In this blog, Archana Prasad reflects on her decade-long career in the field of agricultural extension within an evolving agricultural ecosystem and offers insights on how extension graduates can effectively prepare for the future.

A PERSONAL RECKONING

When I graduated with a degree in agricultural extension, I believed I had a clear sense of what lay ahead. The pathways were few but established: state extension services, research assistantships, or, if lucky, a fellowship with a government program. But soon into my career, I realised something sobering — the sector was evolving faster than our preparation for it.

Today, over a decade later, having worked with more than 100 FPOs, grant-funded programmes, consulting firms, and ecosystem-building efforts, I look back with one conviction: we need to radically rethink how we skill and position agricultural extension professionals for the world beyond the textbook.

WHAT EXTENSION PREPARES US FOR — AND WHAT IT DOESN’T

Agricultural extension as taught in most Indian State Agriculture Universities (SAUs) is rich in history, communication tools, and participatory techniques. However, as the farm sector diversifies, the traditional notion of the extension worker as a trainer or mobiliser feels increasingly narrow.

“Extension isn’t outdated. But the roles we prepare students for often are.”

In 2023, India had over 40,000 registered FPOs across the country — yet a significant percentage continue to struggle with business viability, governance, and market access. Thousands of private agri-tech start-ups, donor-funded livelihood programmes, and expanding CSR efforts in agriculture also demand professionals who understand agriculture and business, community engagement, digital systems, field realities, and funding logic.

The irony? Our graduates have the grounding, but not the exposure.
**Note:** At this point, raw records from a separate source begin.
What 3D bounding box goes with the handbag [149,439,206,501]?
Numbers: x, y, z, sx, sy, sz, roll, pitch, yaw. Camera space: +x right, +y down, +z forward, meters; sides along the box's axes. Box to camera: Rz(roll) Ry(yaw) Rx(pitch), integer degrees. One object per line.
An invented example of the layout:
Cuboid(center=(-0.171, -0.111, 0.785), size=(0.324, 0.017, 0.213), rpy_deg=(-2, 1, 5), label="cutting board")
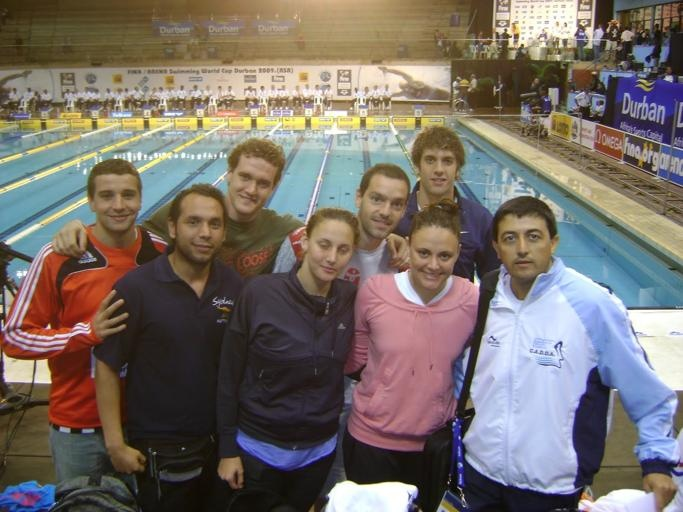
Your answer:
Cuboid(center=(-0.702, 0.889, 2.141), size=(0.213, 0.240, 0.093), rpy_deg=(2, 0, -12), label="handbag")
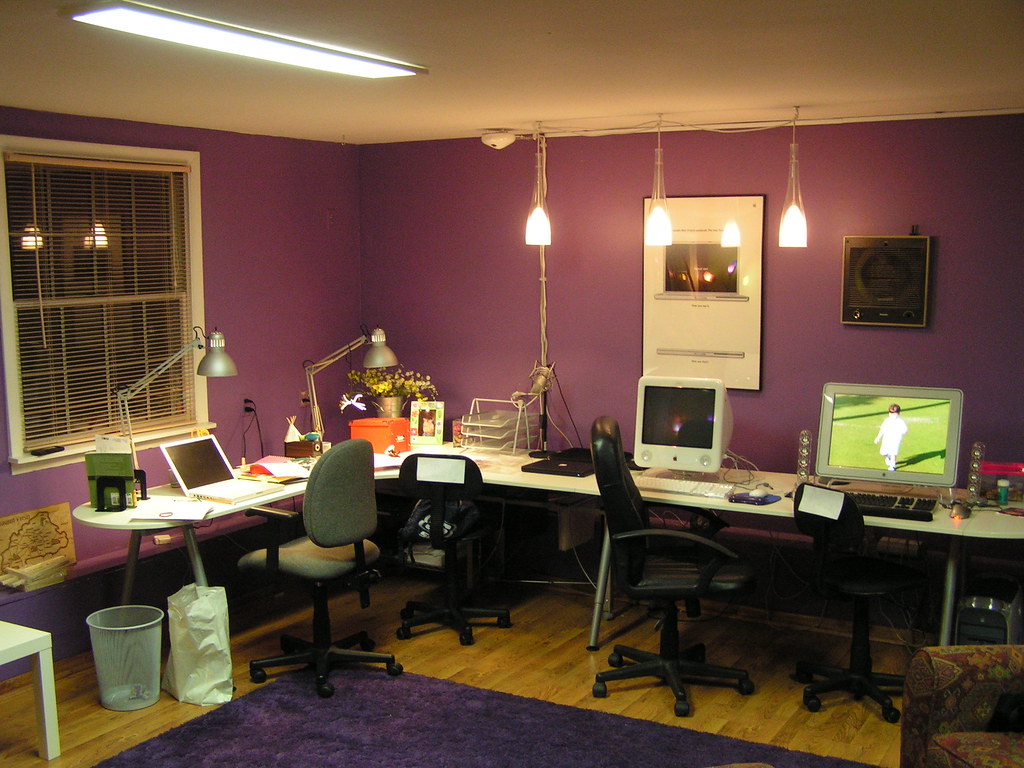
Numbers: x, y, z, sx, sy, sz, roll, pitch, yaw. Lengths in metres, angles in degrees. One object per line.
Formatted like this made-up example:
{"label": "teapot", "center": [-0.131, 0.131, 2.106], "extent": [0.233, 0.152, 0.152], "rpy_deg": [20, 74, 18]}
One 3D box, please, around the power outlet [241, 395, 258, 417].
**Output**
{"label": "power outlet", "center": [-1.847, 0.158, 5.814], "extent": [0.102, 0.187, 0.106], "rpy_deg": [-7, 12, -40]}

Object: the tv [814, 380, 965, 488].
{"label": "tv", "center": [2.039, 0.288, 4.488], "extent": [0.600, 0.481, 0.045], "rpy_deg": [3, 1, 23]}

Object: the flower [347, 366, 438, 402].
{"label": "flower", "center": [-0.859, -0.010, 6.197], "extent": [0.359, 0.167, 0.412], "rpy_deg": [4, -4, 15]}

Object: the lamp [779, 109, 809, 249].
{"label": "lamp", "center": [1.669, -1.193, 4.889], "extent": [0.166, 0.767, 0.656], "rpy_deg": [2, 9, 19]}

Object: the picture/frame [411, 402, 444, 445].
{"label": "picture/frame", "center": [-0.588, 0.281, 5.804], "extent": [0.293, 0.377, 0.039], "rpy_deg": [1, 1, 19]}

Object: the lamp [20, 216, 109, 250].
{"label": "lamp", "center": [-2.553, -0.856, 4.772], "extent": [0.419, 0.144, 0.126], "rpy_deg": [-7, 13, -41]}

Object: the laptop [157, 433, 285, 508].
{"label": "laptop", "center": [-1.640, 0.504, 4.660], "extent": [0.510, 0.232, 0.385], "rpy_deg": [11, 11, 23]}

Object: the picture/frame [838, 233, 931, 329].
{"label": "picture/frame", "center": [2.254, -0.630, 4.977], "extent": [0.534, 0.599, 0.153], "rpy_deg": [4, 8, 33]}

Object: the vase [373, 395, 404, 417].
{"label": "vase", "center": [-0.874, 0.160, 5.973], "extent": [0.153, 0.111, 0.157], "rpy_deg": [-2, -1, 44]}

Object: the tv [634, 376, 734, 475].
{"label": "tv", "center": [1.026, 0.166, 5.052], "extent": [0.665, 0.702, 0.519], "rpy_deg": [1, 2, 25]}

MISSED PATHWAYS: WHERE EXTENSION PROFESSIONALS COULD THRIVE

Here are spaces where postgraduates and PhDs in agri-extension are uniquely suited to lead, but often unaware of:

  • Development Consulting: Firms like Sattva, Microsave, Sambodhi, and others increasingly hire agri professionals to lead strategy, monitoring & evaluation, and implementation support for donors and corporates.
  • FPO Strategy and Incubation: With SFAC, NABARD, and corporate funding for FPO formation, there’s demand for professionals who can work across governance, marketing, and business planning.
  • Donor Programs and CSR: Foundations like the Gates Foundation, Ford Foundation, and Tata Trusts run large-scale agri initiatives requiring talent who can design programs, write proposals, track outcomes, and coordinate partners.
  • Agri-Investment Advisory: There is growing space in impact investing, blended finance, and agri-startup due diligence. Sector understanding + systems thinking is a critical mix.
  • Strategic Ecosystem Building: Programs like PM-FME, Digital Agriculture Mission, or state-level agri-accelerators often need consultants who can bridge grassroots understanding with policy frameworks.

THE RIGHT-SKILLING IMPERATIVE

What do all these roles require that agri-extension degrees rarely teach?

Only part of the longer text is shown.